▶ Task goal:
Take the material below and reproduce, word for word, only the lines from the line with "Metres and whole degrees." through the line with "Annotate: the rice".

▶ Supplied material:
------------------------------------
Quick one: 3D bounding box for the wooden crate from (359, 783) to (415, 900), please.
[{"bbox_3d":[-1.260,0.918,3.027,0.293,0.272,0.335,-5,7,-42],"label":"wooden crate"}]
------------------------------------
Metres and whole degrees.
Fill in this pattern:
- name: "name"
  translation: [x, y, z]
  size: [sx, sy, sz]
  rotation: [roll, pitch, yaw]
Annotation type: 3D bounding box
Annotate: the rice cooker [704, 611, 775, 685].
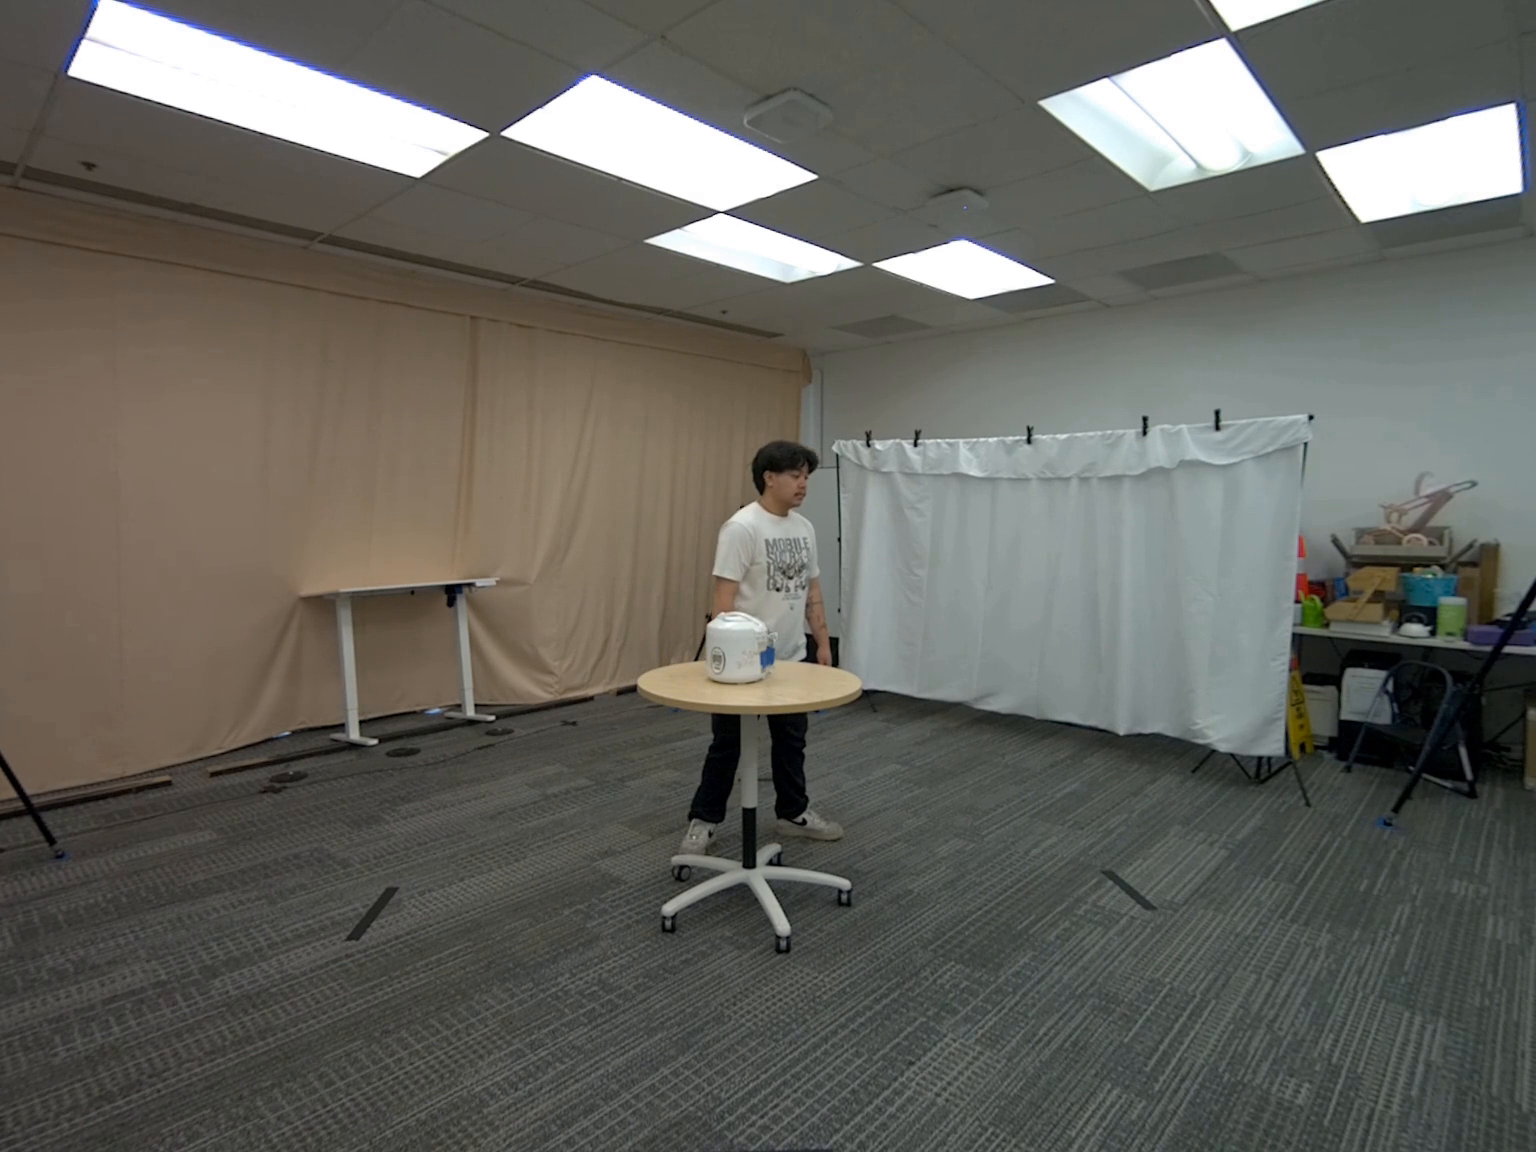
------------------------------------
▶ Solved exercise:
Metres and whole degrees.
Fill in this pattern:
- name: "name"
  translation: [x, y, z]
  size: [sx, sy, sz]
  rotation: [roll, pitch, yaw]
Annotation type: 3D bounding box
Annotate: the rice cooker [704, 611, 775, 685].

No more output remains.